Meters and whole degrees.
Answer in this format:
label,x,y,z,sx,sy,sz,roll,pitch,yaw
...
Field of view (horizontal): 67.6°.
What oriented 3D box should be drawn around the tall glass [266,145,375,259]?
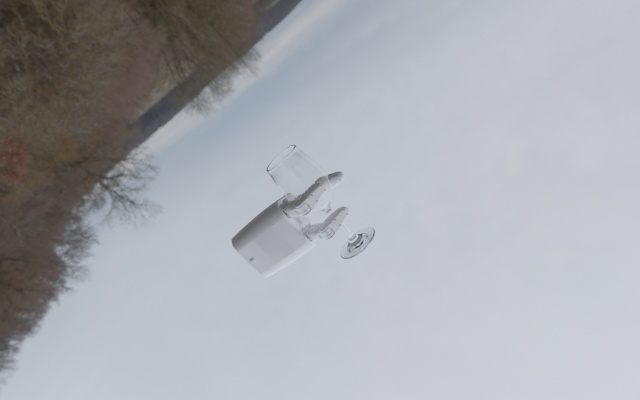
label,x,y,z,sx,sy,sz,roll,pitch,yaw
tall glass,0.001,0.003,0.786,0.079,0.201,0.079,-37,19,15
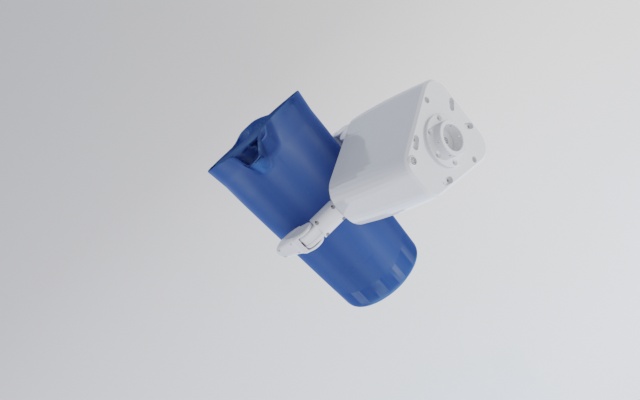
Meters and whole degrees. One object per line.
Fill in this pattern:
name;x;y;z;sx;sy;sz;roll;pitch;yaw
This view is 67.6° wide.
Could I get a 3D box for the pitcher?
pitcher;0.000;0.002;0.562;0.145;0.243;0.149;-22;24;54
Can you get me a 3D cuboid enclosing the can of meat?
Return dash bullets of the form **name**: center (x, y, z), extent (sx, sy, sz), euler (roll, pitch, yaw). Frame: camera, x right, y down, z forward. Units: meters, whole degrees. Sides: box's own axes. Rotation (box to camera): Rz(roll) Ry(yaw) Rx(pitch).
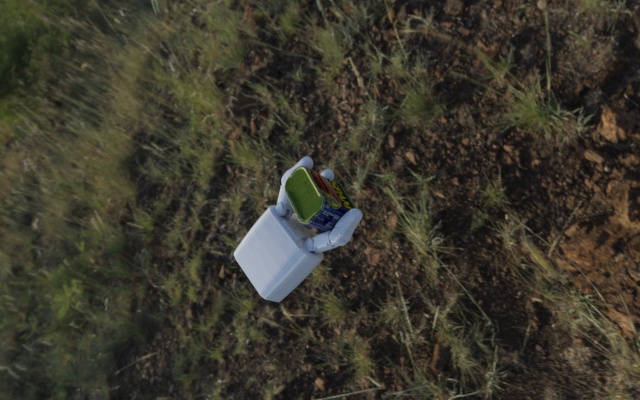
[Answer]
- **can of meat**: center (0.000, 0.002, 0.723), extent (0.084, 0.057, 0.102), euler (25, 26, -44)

^^^^^^^^

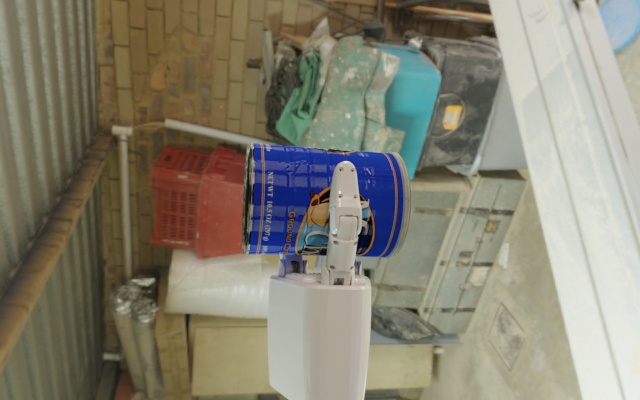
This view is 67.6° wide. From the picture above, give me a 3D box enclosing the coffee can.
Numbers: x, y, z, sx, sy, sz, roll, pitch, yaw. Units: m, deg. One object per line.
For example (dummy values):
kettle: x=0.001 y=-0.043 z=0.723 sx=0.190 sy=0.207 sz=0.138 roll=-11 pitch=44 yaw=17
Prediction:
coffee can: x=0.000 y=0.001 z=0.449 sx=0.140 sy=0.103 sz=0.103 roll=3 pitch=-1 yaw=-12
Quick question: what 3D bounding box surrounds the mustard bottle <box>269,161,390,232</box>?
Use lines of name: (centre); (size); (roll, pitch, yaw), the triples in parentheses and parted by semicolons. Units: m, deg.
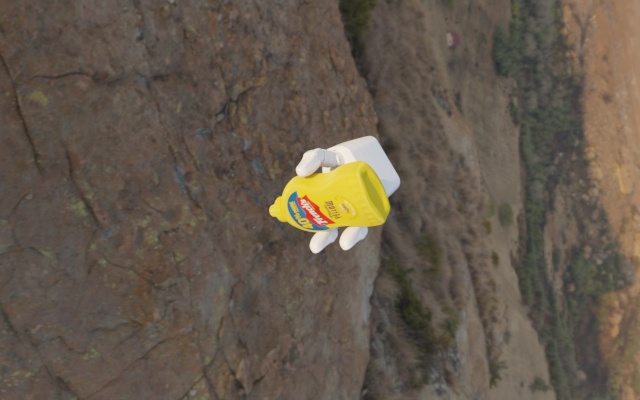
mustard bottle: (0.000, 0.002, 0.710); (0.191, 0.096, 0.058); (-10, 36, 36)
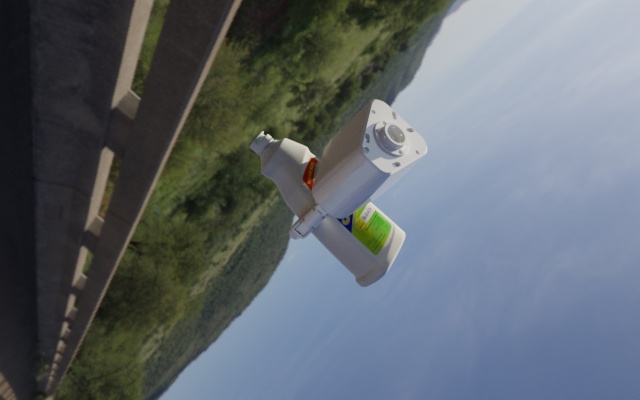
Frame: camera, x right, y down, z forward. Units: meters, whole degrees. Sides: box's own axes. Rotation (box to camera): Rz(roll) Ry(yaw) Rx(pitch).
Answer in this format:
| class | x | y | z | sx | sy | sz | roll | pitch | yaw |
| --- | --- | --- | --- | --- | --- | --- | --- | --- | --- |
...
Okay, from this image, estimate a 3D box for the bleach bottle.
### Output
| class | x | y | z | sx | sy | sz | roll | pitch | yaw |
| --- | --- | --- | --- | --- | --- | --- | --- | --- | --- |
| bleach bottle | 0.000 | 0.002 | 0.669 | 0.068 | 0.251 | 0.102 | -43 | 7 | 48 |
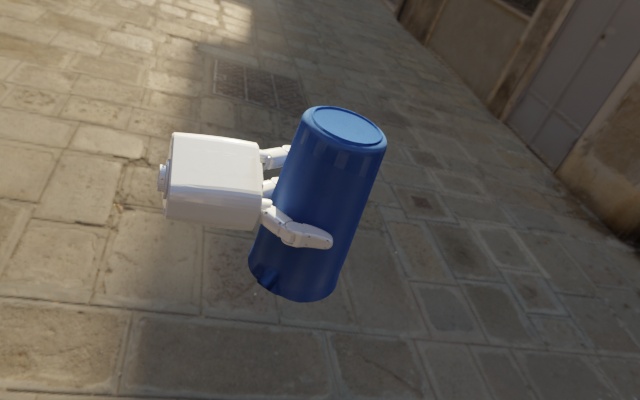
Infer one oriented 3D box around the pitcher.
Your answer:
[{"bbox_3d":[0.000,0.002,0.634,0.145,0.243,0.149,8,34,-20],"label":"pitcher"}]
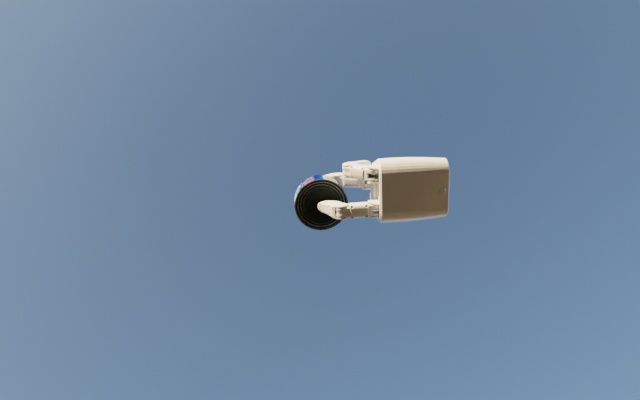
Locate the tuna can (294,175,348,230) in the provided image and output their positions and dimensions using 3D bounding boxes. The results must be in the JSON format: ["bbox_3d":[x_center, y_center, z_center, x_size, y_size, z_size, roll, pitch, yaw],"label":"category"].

^^^^^^^^

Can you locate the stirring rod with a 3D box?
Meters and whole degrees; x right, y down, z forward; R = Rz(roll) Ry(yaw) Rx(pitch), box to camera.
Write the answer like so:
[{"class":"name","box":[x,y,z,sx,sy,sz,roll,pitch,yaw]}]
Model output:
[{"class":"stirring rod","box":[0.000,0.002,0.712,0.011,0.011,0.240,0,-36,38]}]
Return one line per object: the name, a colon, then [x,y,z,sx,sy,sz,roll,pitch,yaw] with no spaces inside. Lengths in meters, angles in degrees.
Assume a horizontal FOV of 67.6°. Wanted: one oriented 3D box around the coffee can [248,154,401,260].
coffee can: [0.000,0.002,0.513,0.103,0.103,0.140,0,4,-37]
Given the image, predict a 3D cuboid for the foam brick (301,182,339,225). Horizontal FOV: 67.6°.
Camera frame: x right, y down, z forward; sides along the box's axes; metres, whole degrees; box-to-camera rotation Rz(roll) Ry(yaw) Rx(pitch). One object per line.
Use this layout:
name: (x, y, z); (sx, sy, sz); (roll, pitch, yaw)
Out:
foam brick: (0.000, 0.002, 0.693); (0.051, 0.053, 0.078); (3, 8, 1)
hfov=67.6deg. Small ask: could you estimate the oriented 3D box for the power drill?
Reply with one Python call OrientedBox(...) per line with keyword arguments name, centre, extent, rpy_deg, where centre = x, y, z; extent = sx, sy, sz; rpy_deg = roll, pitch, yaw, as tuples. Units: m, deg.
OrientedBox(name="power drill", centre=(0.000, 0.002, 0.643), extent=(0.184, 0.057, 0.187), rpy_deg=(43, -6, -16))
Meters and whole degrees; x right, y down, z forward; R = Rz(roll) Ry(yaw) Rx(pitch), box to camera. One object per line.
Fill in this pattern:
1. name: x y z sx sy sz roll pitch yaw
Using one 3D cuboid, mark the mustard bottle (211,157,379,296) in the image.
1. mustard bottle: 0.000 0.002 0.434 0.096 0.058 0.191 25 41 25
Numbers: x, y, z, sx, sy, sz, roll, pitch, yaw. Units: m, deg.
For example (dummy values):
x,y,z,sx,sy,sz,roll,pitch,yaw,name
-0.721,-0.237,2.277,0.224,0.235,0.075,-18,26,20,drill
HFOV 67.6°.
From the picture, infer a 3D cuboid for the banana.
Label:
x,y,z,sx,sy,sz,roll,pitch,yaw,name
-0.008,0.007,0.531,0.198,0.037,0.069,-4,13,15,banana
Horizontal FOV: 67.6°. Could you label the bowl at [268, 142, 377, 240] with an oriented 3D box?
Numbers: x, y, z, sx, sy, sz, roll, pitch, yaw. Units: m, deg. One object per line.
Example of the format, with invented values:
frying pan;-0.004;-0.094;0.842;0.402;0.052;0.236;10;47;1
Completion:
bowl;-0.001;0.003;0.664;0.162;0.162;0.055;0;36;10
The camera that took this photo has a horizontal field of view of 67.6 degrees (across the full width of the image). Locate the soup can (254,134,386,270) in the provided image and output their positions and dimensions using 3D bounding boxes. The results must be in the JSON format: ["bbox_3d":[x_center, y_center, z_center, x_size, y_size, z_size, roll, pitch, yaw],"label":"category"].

^^^^^^^^

*Your task*:
Word for word, restate the lines of the data above that fall between the line holding "1. name: x y z sx sy sz roll pitch yaw" and the line holding "From the picture, infer", inclusive, and no other lines.

*Solution for this problem*:
1. name: x y z sx sy sz roll pitch yaw
Using one 3D cuboid, mark the mustard bottle (211,157,379,296) in the image.
1. mustard bottle: 0.000 0.002 0.434 0.096 0.058 0.191 25 41 25
Numbers: x, y, z, sx, sy, sz, roll, pitch, yaw. Units: m, deg.
For example (dummy values):
x,y,z,sx,sy,sz,roll,pitch,yaw,name
-0.721,-0.237,2.277,0.224,0.235,0.075,-18,26,20,drill
HFOV 67.6°.
From the picture, infer a 3D cuboid for the banana.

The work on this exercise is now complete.